Type of information:

experimental study

Adequacy of study:

supporting study

Study period:

From 07-01-1992 to 22-01-1992

Reliability:

4 (not assignable)

Rationale for reliability incl. deficiencies:

documentation insufficient for assessment

Remarks:

This study was performed according to DIN 38412 part 27 with GLP statement, but don't give sufficient experimental details. Therefore, this study is considered not assignable.

Data source

Materials and methods

Principles of method if other than guideline:

Not applicable

GLP compliance:

yes

Test material

Sampling and analysis

Analytical monitoring:

no

Details on sampling:

Not applicable

Test solutions

Vehicle:

no

Details on test solutions:

PREPARATION AND APPLICATION OF TEST SOLUTION (especially for difficult test substances):
- Method: 10 g of the test item was dissolved with 100 mL of deionised water. The test item was stirring for 24 hours with a magnetic stirrer and then, the solution was filtered.
- Eluate: deionised water
- Differential loading: no data
- Control: yes
- Chemical name of vehicle (organic solvent, emulsifier or dispersant): not applicable
- Concentration of vehicle in test medium (stock solution and final test solution(s) including control(s)): not applicable

Test organisms

Test organisms (species):

Pseudomonas putida

Details on inoculum:

No data

Study design

Test type:

not specified

Water media type:

freshwater

Limit test:

yes

Total exposure duration:

30 min

Remarks on exposure duration:

none

Post exposure observation period:

none

Test conditions

Hardness:

No data

Test temperature:

No data

pH:

No data

Dissolved oxygen:

No data

Salinity:

Not applicable

Nominal and measured concentrations:

loading rate of 10 g/L.

Details on test conditions:

TEST SYSTEM
no data

TEST MEDIUM / WATER PARAMETERS
no data

OTHER TEST CONDITIONS
no data

EFFECT PARAMETERS MEASURED (with observation intervals if applicable) : The respiration rates (oxygen consumption) were measured.

TEST CONCENTRATIONS
- Spacing factor for test concentrations: not applicable (limit test)
- Justification for using less concentrations than requested by guideline: not applicable
- Range finding study: no.

Reference substance (positive control):

no

Results and discussion

Details on results:

Oxygen consumption for the control (mg/L O2/min) = 2.25; 2.25; 2.2 (mean of 2.23 mg/L O2/min).
Oxygen consumption for the test substance (mg/L O2/min) = 2.7 (0% inhibition)

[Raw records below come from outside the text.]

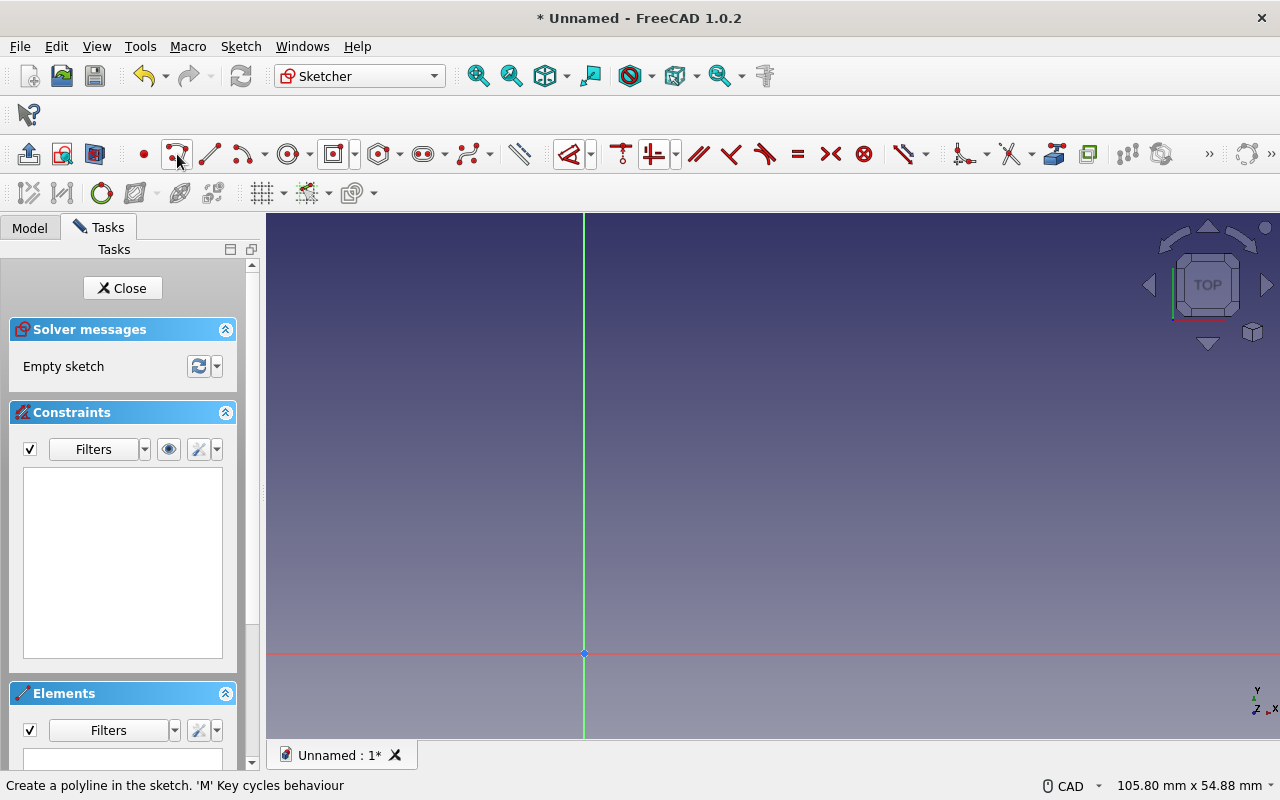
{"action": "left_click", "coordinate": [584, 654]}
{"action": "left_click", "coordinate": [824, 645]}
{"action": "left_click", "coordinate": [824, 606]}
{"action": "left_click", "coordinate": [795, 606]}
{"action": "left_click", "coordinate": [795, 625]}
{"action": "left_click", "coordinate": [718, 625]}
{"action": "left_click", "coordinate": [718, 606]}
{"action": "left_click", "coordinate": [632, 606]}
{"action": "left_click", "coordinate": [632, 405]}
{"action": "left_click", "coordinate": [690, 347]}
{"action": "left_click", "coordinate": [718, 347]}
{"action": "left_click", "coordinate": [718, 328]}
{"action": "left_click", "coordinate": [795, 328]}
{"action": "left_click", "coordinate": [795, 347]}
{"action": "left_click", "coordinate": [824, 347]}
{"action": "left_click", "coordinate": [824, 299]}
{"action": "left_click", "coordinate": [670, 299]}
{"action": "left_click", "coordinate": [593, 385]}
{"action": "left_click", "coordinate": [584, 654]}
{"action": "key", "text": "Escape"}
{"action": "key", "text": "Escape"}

DOC at the beginning of the test = 13.05 mg/L
DOC at the end of the test = 50.1 mg/L.

Results with reference substance (positive control):

None

Reported statistics and error estimates:

None

Any other information on results incl. tables

No additional information

Applicant's summary and conclusion

Validity criteria fulfilled:

not specified

Remarks:

no sufficient information.

Conclusions:

The test item had no inhibitory effect on the respiration rate of Pseudomonas putida after the incubation period of 30 min at the test item concentration of 10 g/L. The 30min-EC0 was at least 10 g/L.

Executive summary:

The inhibitory effect of the test item on the respiration rate of Pseudomonas putida was investigated in a 30 min respiration inhibition test according to the DIN Guideline 38412 part 27 with GLP statement.

A limit test with a nominal test concentration of 10 g/L was performed.

The test item had no inhibitory effect on the respiration rate of Pseudomonas putida after the incubation period of 30 min at the test item concentration of 10 g/L. The 30min-EC0 was at least 10 g/L.